### Exercise
The entries that follow include a run beginning at the line with "31) pallet <box>866,567,1422,853</box>" and ending at the line with "57) rack guard <box>715,169,751,219</box>"; restate that run word for word and leave the rest out.

[Data excerpts]
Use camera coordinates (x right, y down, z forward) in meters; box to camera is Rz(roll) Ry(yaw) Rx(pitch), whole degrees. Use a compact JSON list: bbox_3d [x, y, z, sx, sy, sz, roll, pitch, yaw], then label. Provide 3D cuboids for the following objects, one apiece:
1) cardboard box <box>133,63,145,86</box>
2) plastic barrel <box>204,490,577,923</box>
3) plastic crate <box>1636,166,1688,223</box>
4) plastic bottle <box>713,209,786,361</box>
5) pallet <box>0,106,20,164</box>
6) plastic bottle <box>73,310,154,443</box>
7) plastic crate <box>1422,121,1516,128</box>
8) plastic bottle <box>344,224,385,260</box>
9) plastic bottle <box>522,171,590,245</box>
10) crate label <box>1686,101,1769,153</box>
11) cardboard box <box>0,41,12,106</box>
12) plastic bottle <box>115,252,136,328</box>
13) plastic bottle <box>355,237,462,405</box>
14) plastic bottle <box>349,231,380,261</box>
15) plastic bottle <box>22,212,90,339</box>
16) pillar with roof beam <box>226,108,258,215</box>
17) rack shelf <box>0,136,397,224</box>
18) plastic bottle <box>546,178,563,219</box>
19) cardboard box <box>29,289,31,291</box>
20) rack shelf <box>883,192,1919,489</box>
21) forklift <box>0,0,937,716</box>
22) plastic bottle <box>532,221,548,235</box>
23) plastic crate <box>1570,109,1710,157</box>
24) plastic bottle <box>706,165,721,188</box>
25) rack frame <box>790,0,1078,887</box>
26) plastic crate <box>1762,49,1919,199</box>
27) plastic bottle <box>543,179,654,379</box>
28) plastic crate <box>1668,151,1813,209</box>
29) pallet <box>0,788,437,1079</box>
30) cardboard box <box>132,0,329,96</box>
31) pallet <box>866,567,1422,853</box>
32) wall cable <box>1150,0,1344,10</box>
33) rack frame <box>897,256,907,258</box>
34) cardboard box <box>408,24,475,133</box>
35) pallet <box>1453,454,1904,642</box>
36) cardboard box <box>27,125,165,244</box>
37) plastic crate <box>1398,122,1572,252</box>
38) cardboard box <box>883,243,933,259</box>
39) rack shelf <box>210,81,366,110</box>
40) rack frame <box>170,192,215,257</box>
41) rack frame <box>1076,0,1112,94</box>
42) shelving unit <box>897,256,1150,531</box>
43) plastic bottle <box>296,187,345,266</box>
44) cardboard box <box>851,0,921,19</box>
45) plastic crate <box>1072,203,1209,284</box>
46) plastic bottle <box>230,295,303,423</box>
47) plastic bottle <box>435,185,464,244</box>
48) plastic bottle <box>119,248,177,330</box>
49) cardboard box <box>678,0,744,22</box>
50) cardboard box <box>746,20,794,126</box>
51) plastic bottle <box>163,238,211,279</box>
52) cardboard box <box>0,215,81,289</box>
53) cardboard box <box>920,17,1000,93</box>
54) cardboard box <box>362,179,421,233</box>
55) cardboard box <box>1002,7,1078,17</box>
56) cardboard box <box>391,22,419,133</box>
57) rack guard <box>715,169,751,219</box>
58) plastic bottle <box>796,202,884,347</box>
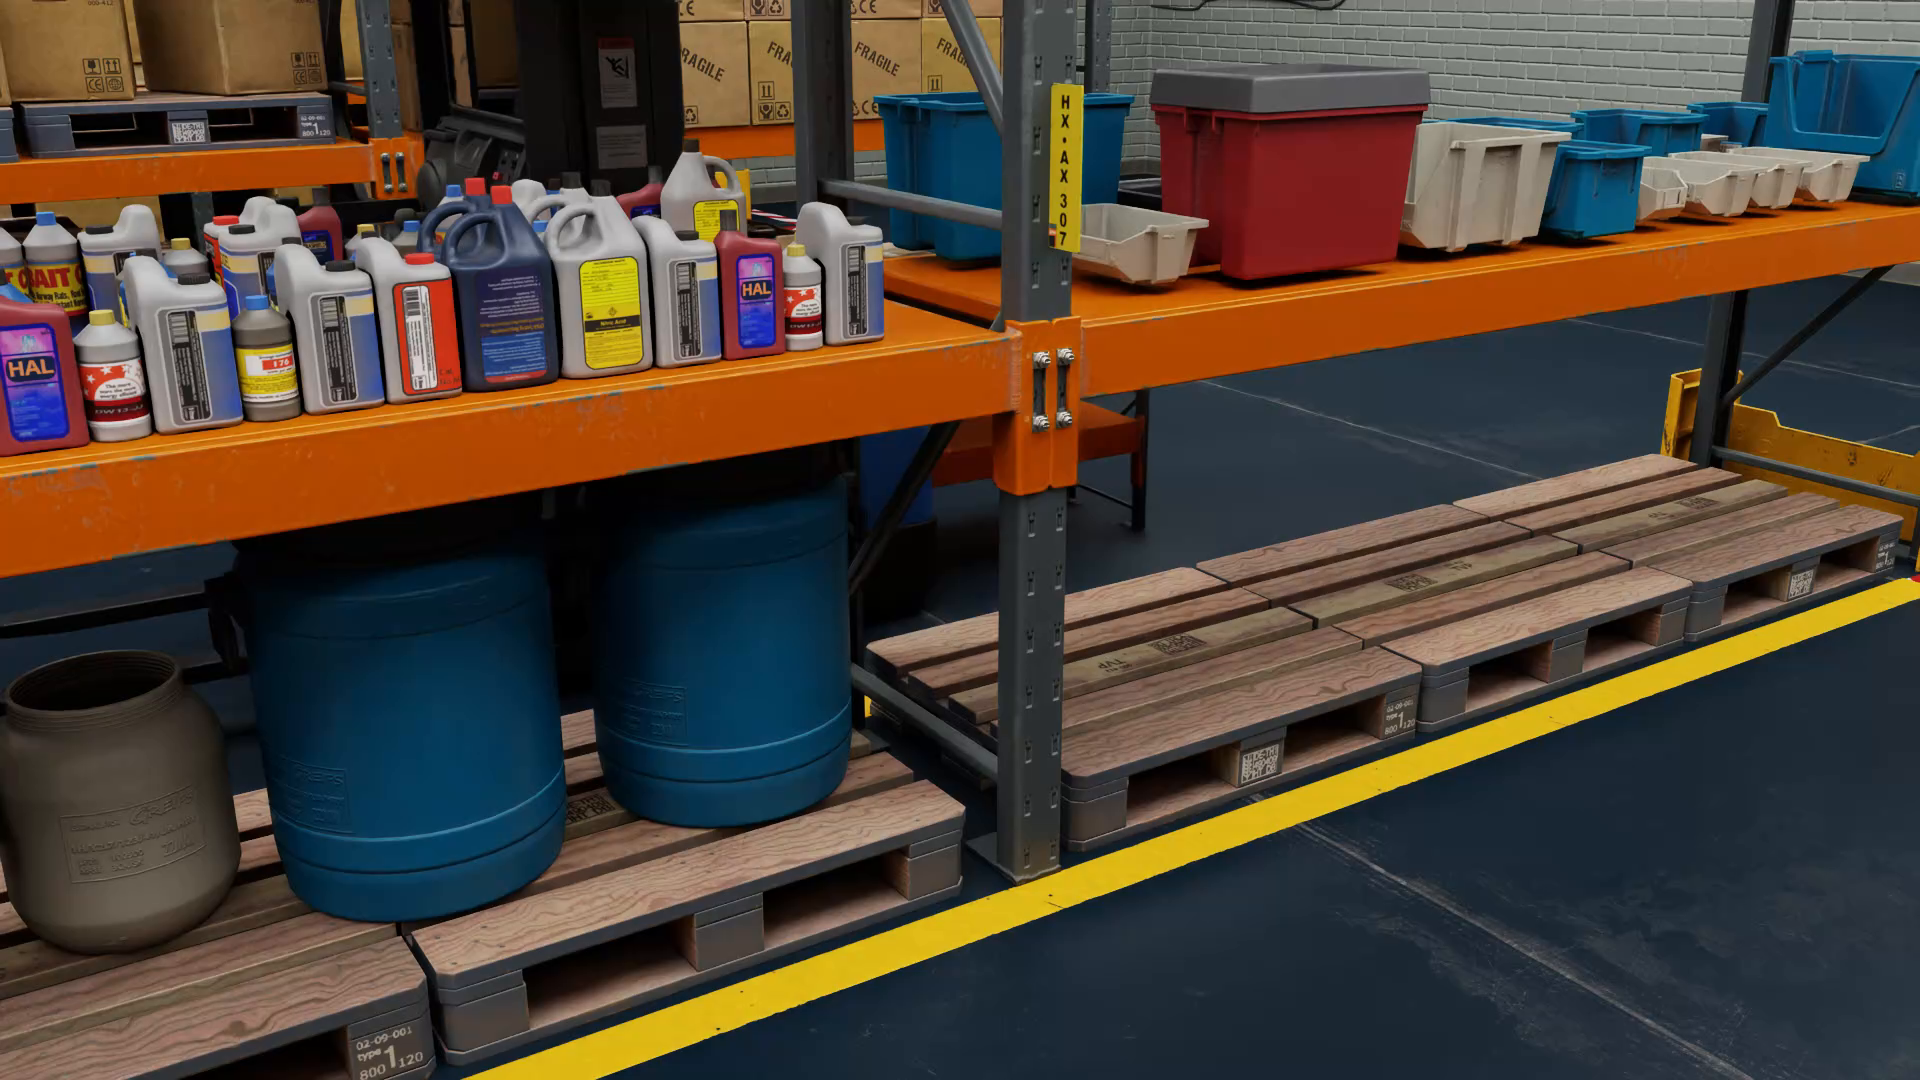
[{"bbox_3d":[-5.664,-3.165,11.285,0.250,0.149,0.380,-12,22,-31],"label":"cardboard box"},{"bbox_3d":[-1.144,0.251,3.440,0.708,0.901,0.600,-12,22,-31],"label":"plastic barrel"},{"bbox_3d":[1.964,-1.016,4.885,0.250,0.136,0.298,-12,22,-31],"label":"plastic crate"},{"bbox_3d":[-0.409,-0.496,3.211,0.133,0.283,0.061,-12,22,-31],"label":"plastic bottle"},{"bbox_3d":[-4.529,-1.634,6.694,1.213,0.211,1.003,-12,22,-31],"label":"pallet"},{"bbox_3d":[-1.355,-0.265,2.654,0.097,0.201,0.097,0,19,0],"label":"plastic bottle"},{"bbox_3d":[1.514,-1.174,5.201,0.300,0.233,0.416,-12,22,-31],"label":"plastic crate"},{"bbox_3d":[-1.265,-0.575,3.571,0.097,0.201,0.097,0,19,0],"label":"plastic bottle"},{"bbox_3d":[-0.756,-0.526,3.194,0.185,0.351,0.144,-12,22,-31],"label":"plastic bottle"},{"bbox_3d":[2.864,-1.458,6.043,0.303,0.233,0.416,-12,22,-31],"label":"crate label"},{"bbox_3d":[-4.252,-2.004,6.678,0.700,0.500,0.500,16,24,39],"label":"cardboard box"},{"bbox_3d":[-1.568,-0.452,3.210,0.097,0.201,0.097,0,19,0],"label":"plastic bottle"},{"bbox_3d":[-0.967,-0.392,2.916,0.135,0.276,0.152,-12,22,-31],"label":"plastic bottle"},{"bbox_3d":[-1.051,-0.420,3.005,0.097,0.271,0.097,0,19,0],"label":"plastic bottle"},{"bbox_3d":[-1.764,-0.503,3.249,0.097,0.271,0.097,0,19,0],"label":"plastic bottle"},{"bbox_3d":[-3.061,-5.455,8.330,0.400,9.000,9.100,-12,22,-31],"label":"pillar with roof beam"},{"bbox_3d":[-4.481,-1.393,6.804,4.000,0.370,1.077,-12,22,-31],"label":"rack shelf"},{"bbox_3d":[-0.909,-0.683,3.782,0.097,0.271,0.097,0,19,0],"label":"plastic bottle"},{"bbox_3d":[-4.209,-0.907,7.460,0.500,0.500,0.500,-12,22,-31],"label":"cardboard box"},{"bbox_3d":[1.581,-0.772,4.967,4.000,0.370,1.077,-12,22,-31],"label":"rack shelf"},{"bbox_3d":[-1.602,-1.053,4.783,3.031,2.935,1.130,-11,22,-30],"label":"forklift"},{"bbox_3d":[-0.907,-0.592,3.622,0.097,0.201,0.097,0,19,0],"label":"plastic bottle"},{"bbox_3d":[2.315,-1.342,5.700,0.300,0.233,0.416,-12,22,-31],"label":"plastic crate"},{"bbox_3d":[-0.630,-0.754,3.975,0.133,0.283,0.061,-12,22,-31],"label":"plastic bottle"},{"bbox_3d":[-0.089,-0.760,3.810,0.127,3.000,1.000,-12,22,-31],"label":"rack frame"},{"bbox_3d":[3.075,-1.401,5.556,0.499,0.435,0.616,-12,22,-31],"label":"plastic crate"},{"bbox_3d":[-0.677,-0.487,3.080,0.185,0.351,0.144,-12,22,-31],"label":"plastic bottle"},{"bbox_3d":[2.420,-1.129,5.219,0.243,0.136,0.396,-12,22,-31],"label":"plastic crate"},{"bbox_3d":[-1.776,0.902,3.248,1.213,0.211,1.003,-12,22,-31],"label":"pallet"},{"bbox_3d":[-3.329,-2.308,7.578,0.700,0.500,0.500,14,23,35],"label":"cardboard box"},{"bbox_3d":[0.504,0.421,4.670,1.213,0.211,1.003,-12,22,-31],"label":"pallet"},{"bbox_3d":[2.723,-6.386,15.933,0.112,2.526,3.097,-12,22,-31],"label":"wall cable"},{"bbox_3d":[-0.304,-0.466,5.868,0.032,1.125,0.500,-11,22,-30],"label":"rack frame"},{"bbox_3d":[-2.235,-2.150,7.765,0.500,0.500,0.500,-11,22,-30],"label":"cardboard box"},{"bbox_3d":[2.542,-0.009,5.942,1.213,0.211,1.003,-12,22,-31],"label":"pallet"},{"bbox_3d":[-6.009,-2.441,11.484,0.750,0.750,0.750,-12,22,-31],"label":"cardboard box"},{"bbox_3d":[1.288,-0.952,4.469,0.530,0.282,0.437,-12,22,-31],"label":"plastic crate"},{"bbox_3d":[-0.497,-1.588,9.865,0.500,0.250,0.500,-12,22,-31],"label":"cardboard box"},{"bbox_3d":[-3.867,-3.422,12.805,4.000,0.370,1.077,-12,22,-31],"label":"rack shelf"},{"bbox_3d":[-5.538,-3.410,11.648,0.127,3.000,1.000,-12,22,-31],"label":"rack frame"},{"bbox_3d":[0.530,-2.790,9.815,0.127,3.000,1.000,-12,22,-31],"label":"rack frame"},{"bbox_3d":[0.129,-0.551,6.120,1.048,1.125,0.538,-11,22,-30],"label":"shelving unit"},{"bbox_3d":[-1.372,-0.598,3.512,0.133,0.283,0.061,-12,22,-31],"label":"plastic bottle"},{"bbox_3d":[-0.542,-2.978,8.652,0.500,0.500,0.500,-11,22,-30],"label":"cardboard box"},{"bbox_3d":[0.378,-0.707,3.972,0.243,0.136,0.396,-12,22,-31],"label":"plastic crate"},{"bbox_3d":[-1.161,-0.306,2.775,0.097,0.201,0.097,0,19,0],"label":"plastic bottle"},{"bbox_3d":[-1.103,-0.642,3.661,0.097,0.271,0.097,0,19,0],"label":"plastic bottle"},{"bbox_3d":[-1.357,-0.356,2.814,0.097,0.271,0.097,0,19,0],"label":"plastic bottle"},{"bbox_3d":[-1.402,-2.796,8.114,0.500,0.500,0.500,-13,22,-33],"label":"cardboard box"},{"bbox_3d":[-0.966,-2.419,8.559,0.500,0.500,0.500,-12,22,-32],"label":"cardboard box"},{"bbox_3d":[-1.570,-0.510,3.381,0.097,0.201,0.097,0,19,0],"label":"plastic bottle"},{"bbox_3d":[-4.183,-1.269,7.360,0.500,0.250,0.500,-12,22,-31],"label":"cardboard box"},{"bbox_3d":[-0.125,-2.594,9.077,0.500,0.500,0.500,-12,22,-31],"label":"cardboard box"},{"bbox_3d":[-4.435,-2.617,12.549,0.500,0.500,0.700,-12,22,-32],"label":"cardboard box"},{"bbox_3d":[0.310,-3.159,9.189,0.500,0.500,0.500,-12,22,-32],"label":"cardboard box"},{"bbox_3d":[-2.534,-2.290,8.178,0.500,0.500,0.500,-11,22,-31],"label":"cardboard box"},{"bbox_3d":[-2.177,-2.935,14.145,0.348,0.500,1.175,-12,22,-31],"label":"rack guard"},{"bbox_3d":[-0.240,-0.546,3.369,0.135,0.276,0.152,-12,22,-31],"label":"plastic bottle"}]

### Your solution
31) pallet <box>866,567,1422,853</box>
32) wall cable <box>1150,0,1344,10</box>
33) rack frame <box>897,256,907,258</box>
34) cardboard box <box>408,24,475,133</box>
35) pallet <box>1453,454,1904,642</box>
36) cardboard box <box>27,125,165,244</box>
37) plastic crate <box>1398,122,1572,252</box>
38) cardboard box <box>883,243,933,259</box>
39) rack shelf <box>210,81,366,110</box>
40) rack frame <box>170,192,215,257</box>
41) rack frame <box>1076,0,1112,94</box>
42) shelving unit <box>897,256,1150,531</box>
43) plastic bottle <box>296,187,345,266</box>
44) cardboard box <box>851,0,921,19</box>
45) plastic crate <box>1072,203,1209,284</box>
46) plastic bottle <box>230,295,303,423</box>
47) plastic bottle <box>435,185,464,244</box>
48) plastic bottle <box>119,248,177,330</box>
49) cardboard box <box>678,0,744,22</box>
50) cardboard box <box>746,20,794,126</box>
51) plastic bottle <box>163,238,211,279</box>
52) cardboard box <box>0,215,81,289</box>
53) cardboard box <box>920,17,1000,93</box>
54) cardboard box <box>362,179,421,233</box>
55) cardboard box <box>1002,7,1078,17</box>
56) cardboard box <box>391,22,419,133</box>
57) rack guard <box>715,169,751,219</box>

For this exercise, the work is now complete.